Understanding nearest neighbor classification

In a single sentence, nearest neighbor classifiers are defined by their characteristic of classifying unlabeled examples by assigning them the class of similar labeled examples. Despite the simplicity of this idea, nearest neighbor methods are extremely powerful. They have been used successfully for:

  • Computer vision applications, including optical character recognition and facial recognition in both still images and video
  • Predicting whether a person will enjoy a movie or music recommendation
  • Identifying patterns in genetic data, perhaps to use them in detecting specific proteins or diseases

In general, nearest neighbor classifiers are well-suited for classification tasks, where relationships among the features and the target classes are numerous, complicated, or extremely difficult to understand, yet the items of similar class type tend to be fairly homogeneous. Another way of putting it would be to say that if a concept is difficult to define, but you know it when you see it, then nearest neighbors might be appropriate. On the other hand, if the data is noisy and thus no clear distinction exists among the groups, the nearest neighbor algorithms may struggle to identify the class boundaries.

The k-NN algorithm

The nearest neighbors approach to classification is exemplified by the k-nearest neighbors algorithm (k-NN). Although this is perhaps one of the simplest machine learning algorithms, it is still used widely.

The strengths and weaknesses of this algorithm are as follows:

Strengths

Weaknesses

  • Simple and effective
  • Makes no assumptions about the underlying data distribution
  • Fast training phase
  • Does not produce a model, limiting the ability to understand how the features are related to the class
  • Requires selection of an appropriate k
  • Slow classification phase
  • Nominal features and missing data require additional processing

The k-NN algorithm gets its name from the fact that it uses information about an example's k-nearest neighbors to classify unlabeled examples. The letter k is a variable term implying that any number of nearest neighbors could be used. After choosing k, the algorithm requires a training dataset made up of examples that have been classified into several categories, as labeled by a nominal variable. Then, for each unlabeled record in the test dataset, k-NN identifies k records in the training data that are the "nearest" in similarity. The unlabeled test instance is assigned the class of the majority of the k nearest neighbors.
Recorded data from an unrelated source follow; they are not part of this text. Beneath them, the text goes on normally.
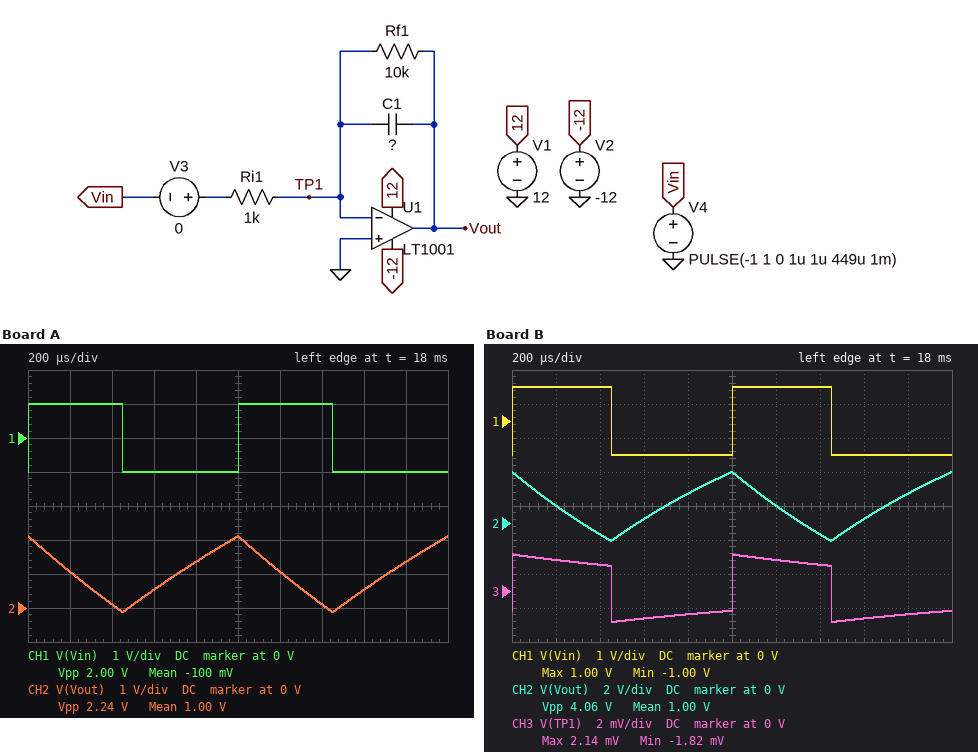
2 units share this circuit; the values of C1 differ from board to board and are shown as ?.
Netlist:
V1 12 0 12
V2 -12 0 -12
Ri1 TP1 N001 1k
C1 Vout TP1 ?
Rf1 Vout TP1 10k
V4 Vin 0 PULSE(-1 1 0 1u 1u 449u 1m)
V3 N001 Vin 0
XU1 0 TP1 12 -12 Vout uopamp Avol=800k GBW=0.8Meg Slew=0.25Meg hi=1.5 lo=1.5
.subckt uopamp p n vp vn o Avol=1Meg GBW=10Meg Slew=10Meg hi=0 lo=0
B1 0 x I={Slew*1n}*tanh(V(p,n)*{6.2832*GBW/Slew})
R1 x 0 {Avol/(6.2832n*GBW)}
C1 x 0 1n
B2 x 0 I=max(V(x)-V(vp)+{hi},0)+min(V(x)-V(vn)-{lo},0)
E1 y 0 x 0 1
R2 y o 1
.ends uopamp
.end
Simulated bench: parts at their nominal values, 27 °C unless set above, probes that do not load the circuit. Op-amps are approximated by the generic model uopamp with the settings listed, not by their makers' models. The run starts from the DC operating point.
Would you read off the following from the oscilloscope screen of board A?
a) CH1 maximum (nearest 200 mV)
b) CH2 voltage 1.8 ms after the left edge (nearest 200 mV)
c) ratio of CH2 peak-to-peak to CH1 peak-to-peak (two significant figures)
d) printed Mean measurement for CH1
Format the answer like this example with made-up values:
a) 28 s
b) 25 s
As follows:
a) 1.0 V
b) 1.4 V
c) 1.1
d) -100 mV
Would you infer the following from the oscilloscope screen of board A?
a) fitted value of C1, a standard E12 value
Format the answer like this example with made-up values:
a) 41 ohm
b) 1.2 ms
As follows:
a) 220 nF
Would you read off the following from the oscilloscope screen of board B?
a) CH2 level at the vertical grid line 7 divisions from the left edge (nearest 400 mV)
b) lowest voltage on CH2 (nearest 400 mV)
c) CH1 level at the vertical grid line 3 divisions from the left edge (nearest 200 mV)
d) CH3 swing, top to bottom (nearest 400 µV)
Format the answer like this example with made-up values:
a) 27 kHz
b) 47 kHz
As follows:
a) -800 mV
b) -1.2 V
c) -1.0 V
d) 4.0 mV
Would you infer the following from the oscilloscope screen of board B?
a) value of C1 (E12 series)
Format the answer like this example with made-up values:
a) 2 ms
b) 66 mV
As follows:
a) 120 nF

To illustrate this process, let's revisit the blind tasting experience described in the introduction. Suppose that prior to eating the mystery meal we had created a dataset in which we recorded our impressions of a number of ingredients we tasted previously. To keep things simple, we rated only two features of each ingredient. The first is a measure from 1 to 10 of how crunchy the ingredient is and the second is a 1 to 10 score of how sweet the ingredient tastes. We then labeled each ingredient as one of the three types of food: fruits, vegetables, or proteins. The first few rows of such a dataset might be structured as follows:

Ingredient

Sweetness

Crunchiness

Food type

apple

10

9

fruit

bacon

1

4

protein

banana

10

1

fruit

carrot

7

10

vegetable

celery

3

10

vegetable

cheese

1

1

protein

The k-NN algorithm treats the features as coordinates in a multidimensional feature space. As our dataset includes only two features, the feature space is two-dimensional. We can plot two-dimensional data on a scatter plot, with the x dimension indicating the ingredient's sweetness and the y dimension, the crunchiness. After adding a few more ingredients to the taste dataset, the scatter plot might look similar to this:

The k-NN algorithm

Did you notice the pattern? Similar types of food tend to be grouped closely together. As illustrated in the next diagram, vegetables tend to be crunchy but not sweet, fruits tend to be sweet and either crunchy or not crunchy, while proteins tend to be neither crunchy nor sweet:

The k-NN algorithm

Suppose that after constructing this dataset, we decide to use it to settle the age-old question: is tomato a fruit or vegetable? We can use the nearest neighbor approach to determine which class is a better fit, as shown in the following diagram:

The k-NN algorithm

Measuring similarity with distance

Locating the tomato's nearest neighbors requires a distance function, or a formula that measures the similarity between the two instances.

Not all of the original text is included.